### What the task requires
From the material that follows, count the lines with the word "width" in them. Reply with the number only.

### Dataset
--------------------

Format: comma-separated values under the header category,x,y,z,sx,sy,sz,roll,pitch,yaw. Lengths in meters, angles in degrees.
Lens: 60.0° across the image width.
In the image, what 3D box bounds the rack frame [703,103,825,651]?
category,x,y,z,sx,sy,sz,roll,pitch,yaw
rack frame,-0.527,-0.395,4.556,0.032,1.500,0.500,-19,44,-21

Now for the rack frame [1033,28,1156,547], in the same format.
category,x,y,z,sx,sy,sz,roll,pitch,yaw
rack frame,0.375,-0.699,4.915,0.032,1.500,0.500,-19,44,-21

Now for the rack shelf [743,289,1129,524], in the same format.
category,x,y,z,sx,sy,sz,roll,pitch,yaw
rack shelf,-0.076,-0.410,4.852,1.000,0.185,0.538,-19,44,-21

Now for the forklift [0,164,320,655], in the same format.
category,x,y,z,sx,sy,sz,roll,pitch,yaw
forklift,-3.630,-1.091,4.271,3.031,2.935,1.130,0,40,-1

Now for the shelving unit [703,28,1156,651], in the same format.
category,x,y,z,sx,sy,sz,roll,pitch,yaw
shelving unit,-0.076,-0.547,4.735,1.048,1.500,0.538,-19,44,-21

--------------------

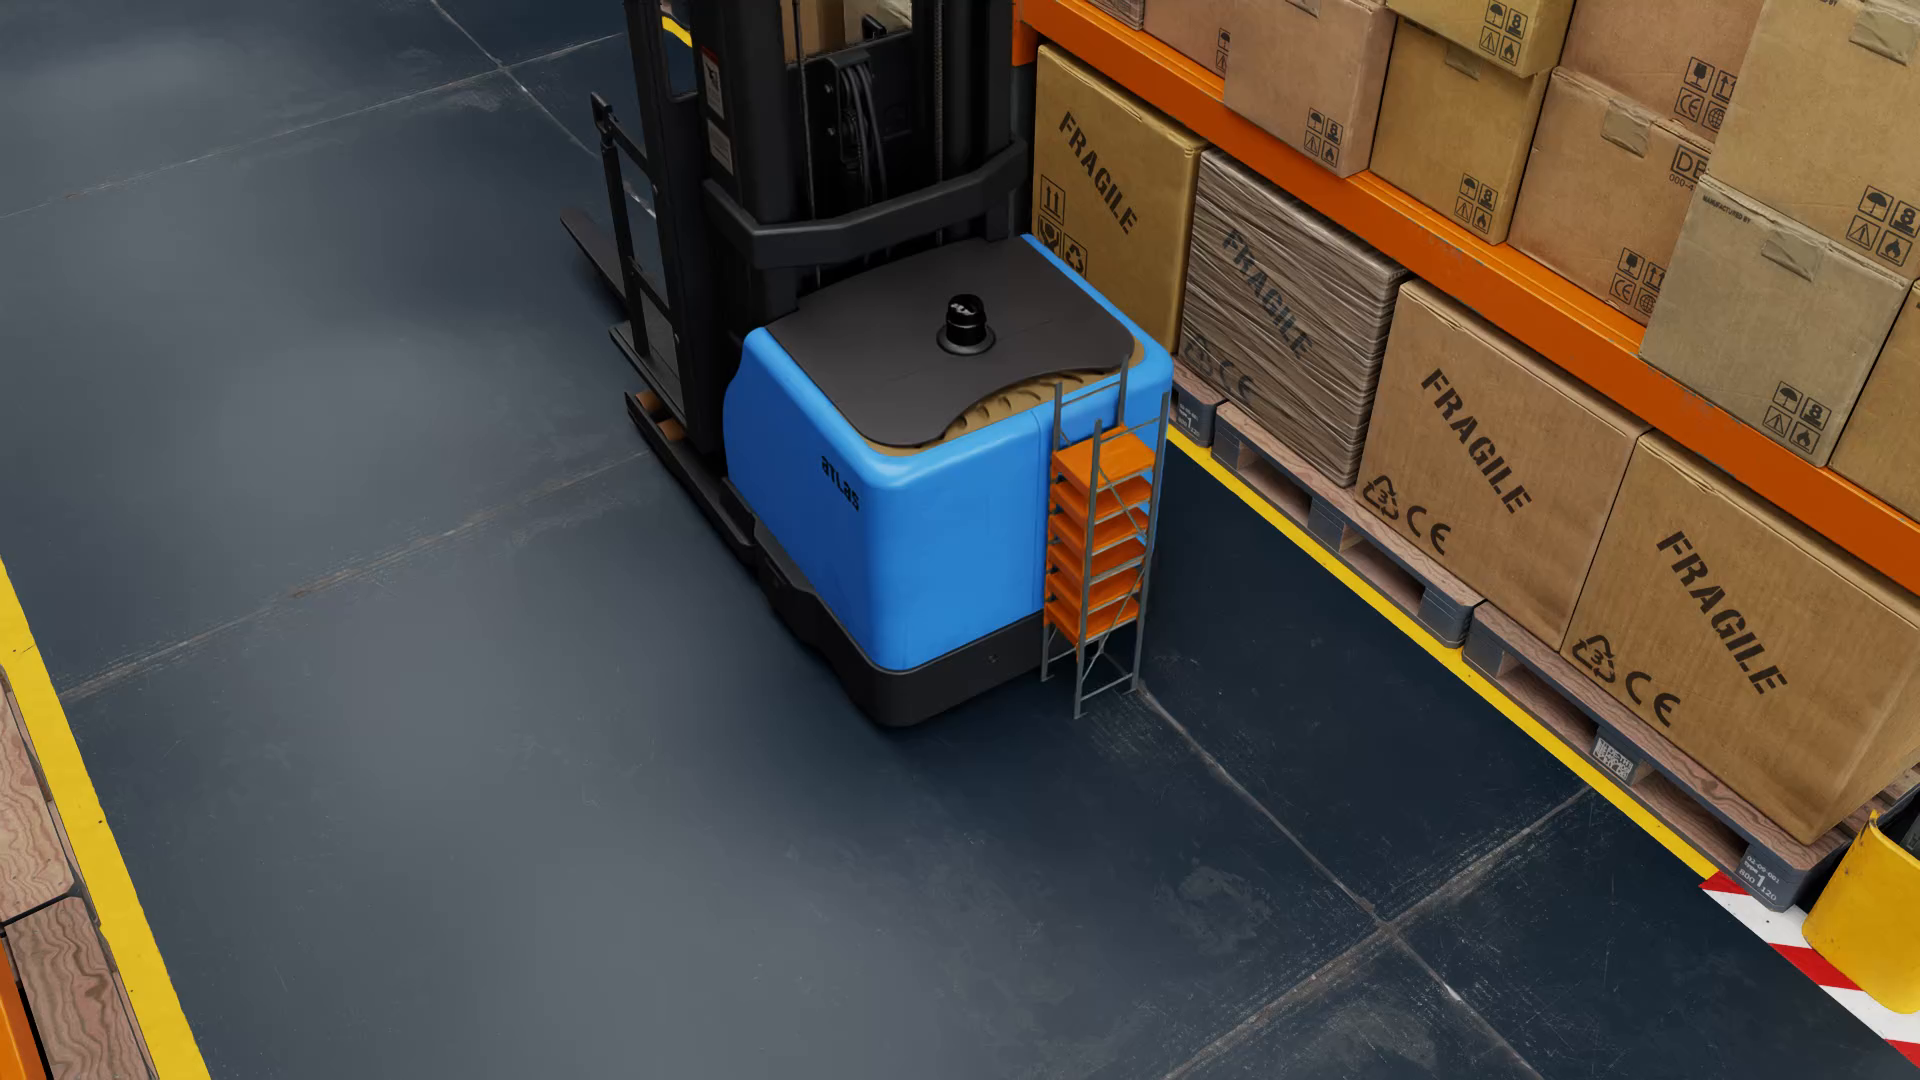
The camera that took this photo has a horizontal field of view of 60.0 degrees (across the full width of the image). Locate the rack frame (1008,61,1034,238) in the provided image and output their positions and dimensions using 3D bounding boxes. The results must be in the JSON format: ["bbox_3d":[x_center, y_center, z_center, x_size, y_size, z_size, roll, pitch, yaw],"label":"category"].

--------------------

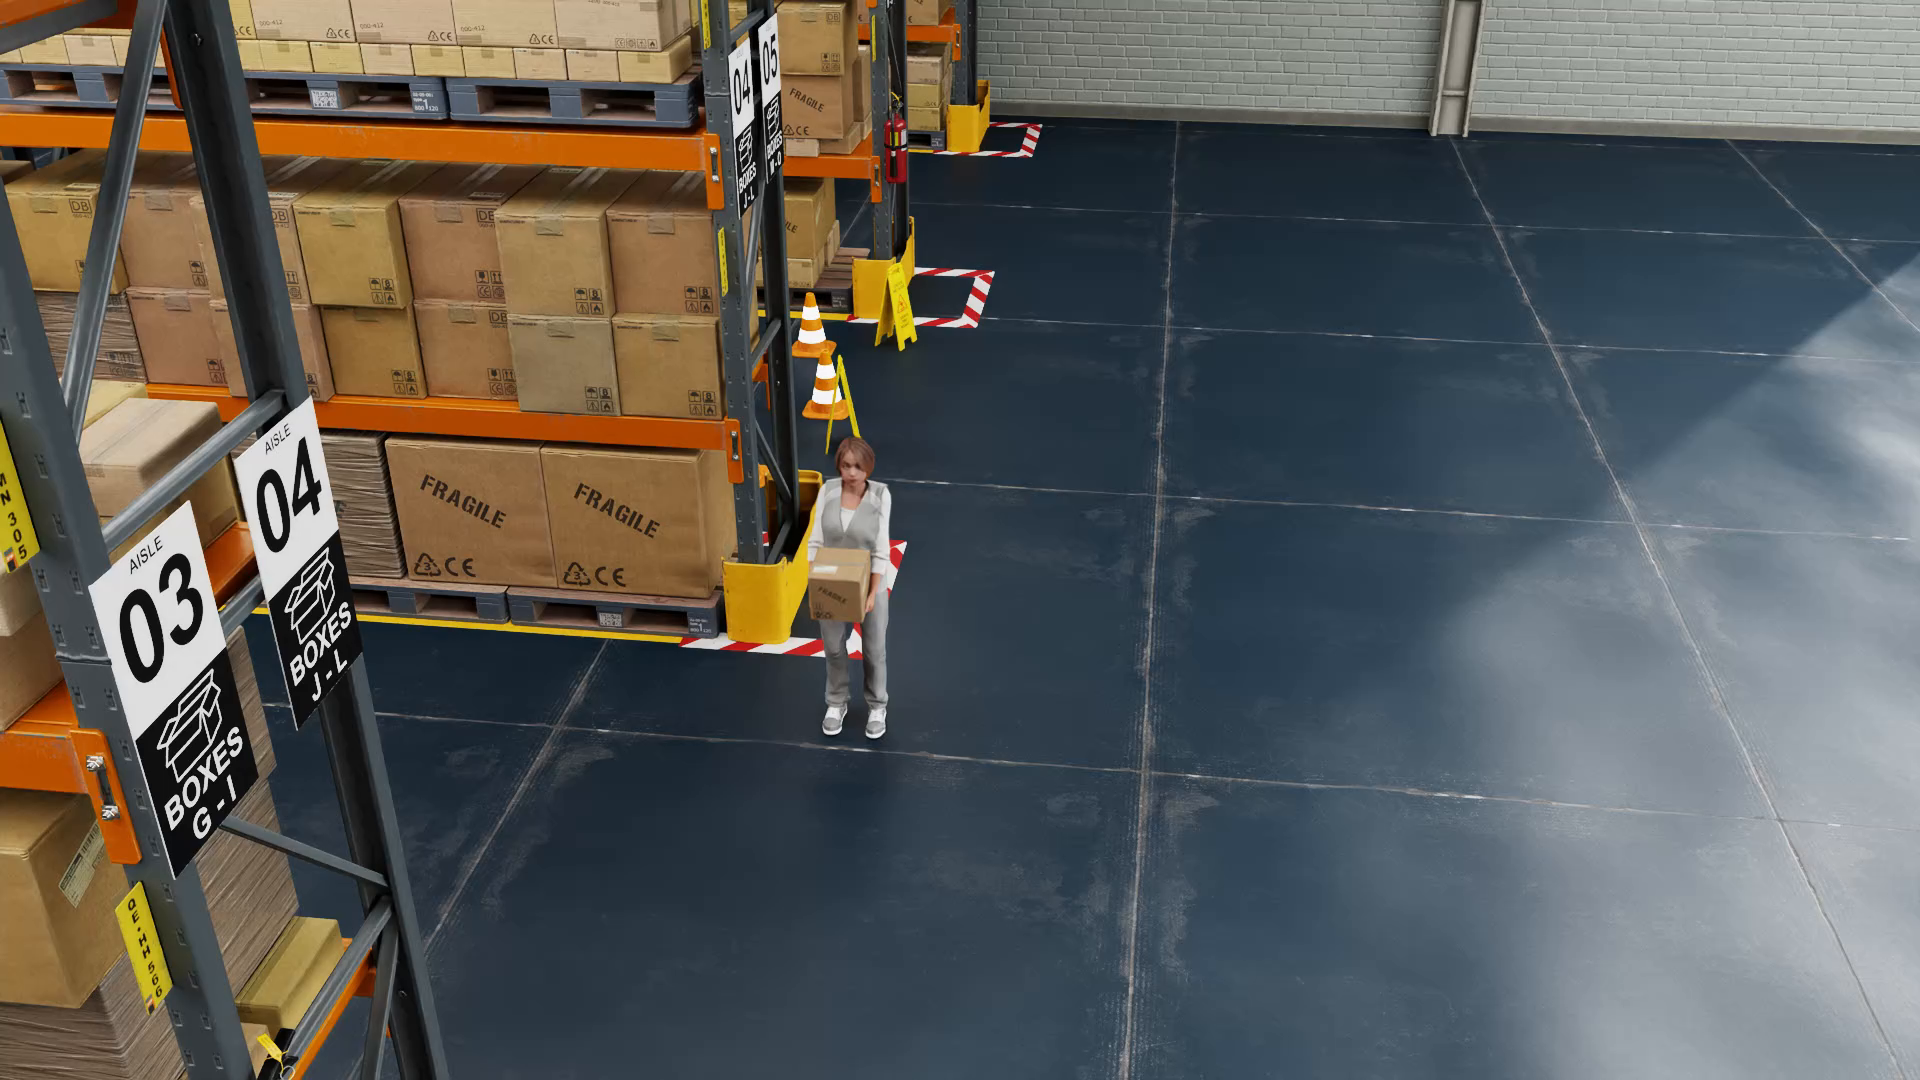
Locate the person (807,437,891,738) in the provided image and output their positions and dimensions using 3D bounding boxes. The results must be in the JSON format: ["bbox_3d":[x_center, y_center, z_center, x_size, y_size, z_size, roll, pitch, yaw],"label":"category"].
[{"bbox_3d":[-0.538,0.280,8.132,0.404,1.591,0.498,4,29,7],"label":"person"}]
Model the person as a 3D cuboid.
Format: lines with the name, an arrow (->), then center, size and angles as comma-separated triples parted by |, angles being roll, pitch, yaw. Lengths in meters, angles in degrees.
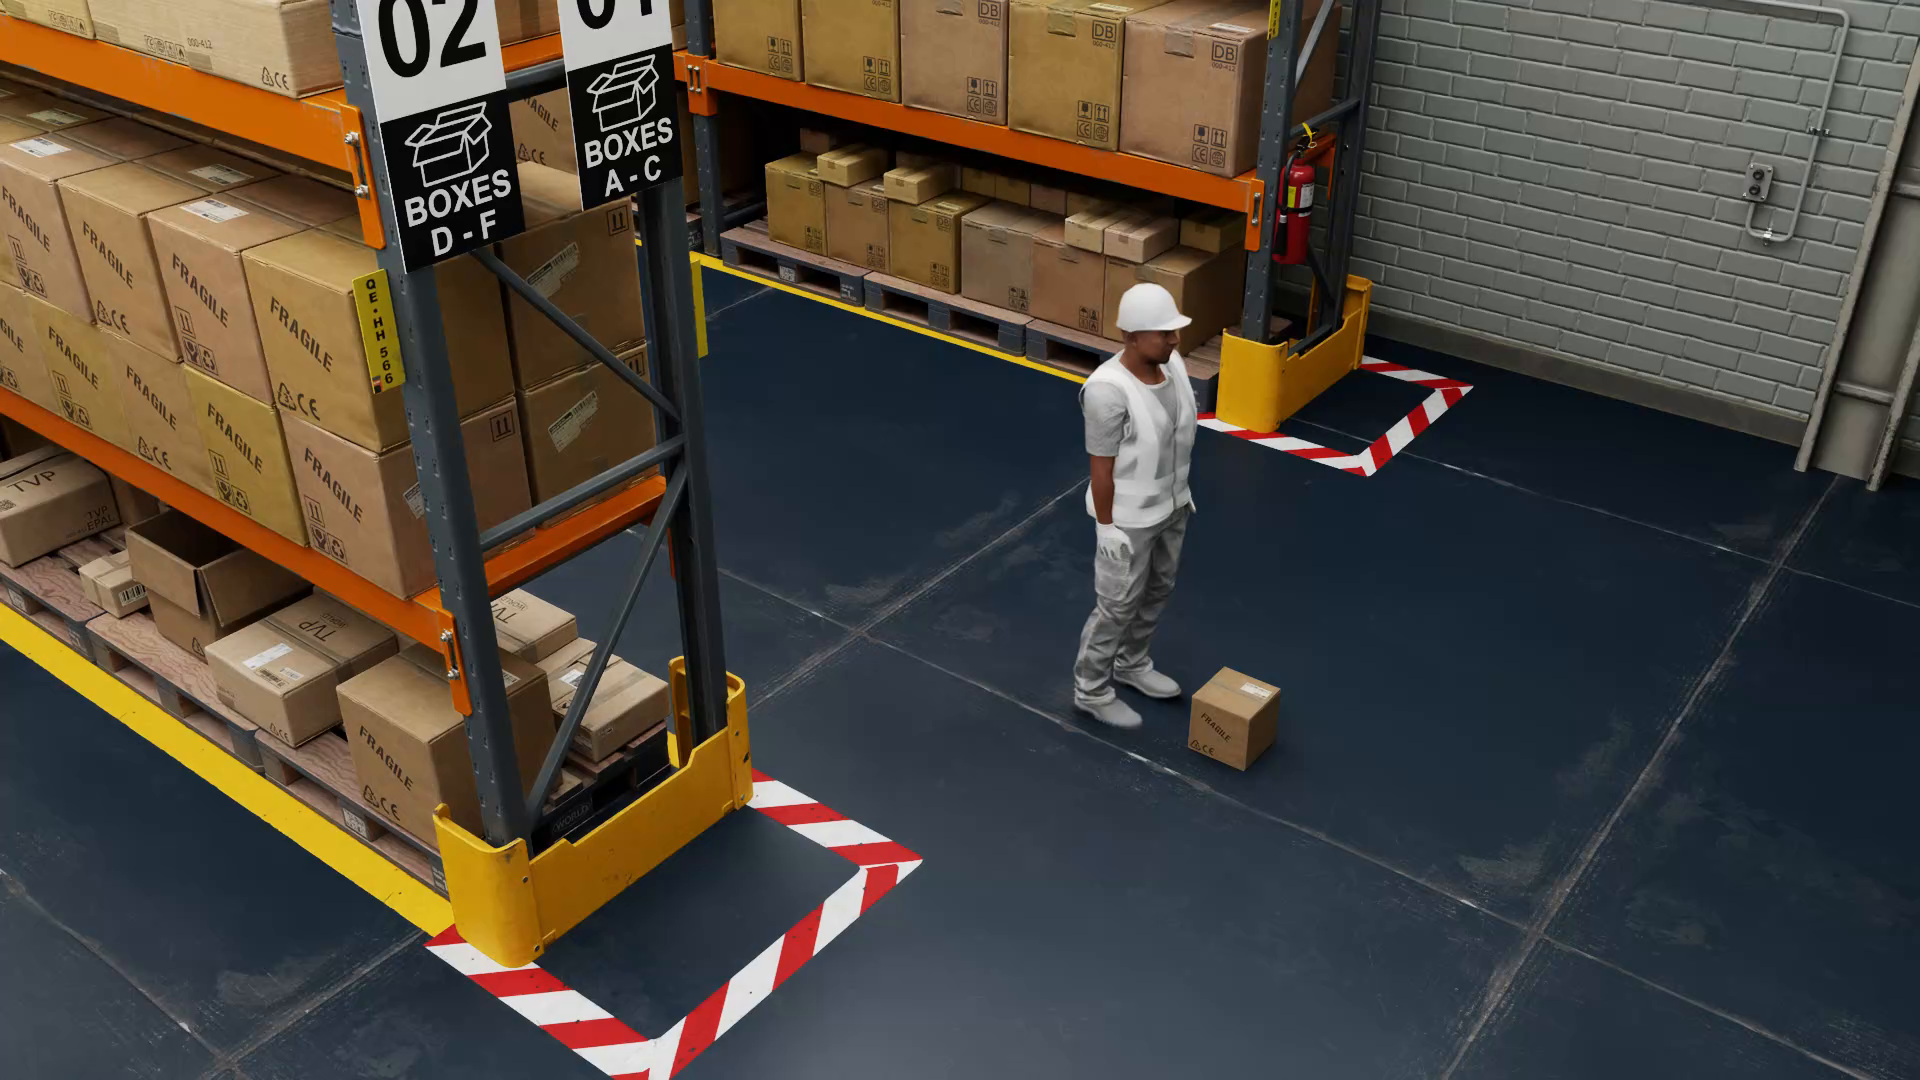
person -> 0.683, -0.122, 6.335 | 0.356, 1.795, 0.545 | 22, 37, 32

--------------------

### Task output
2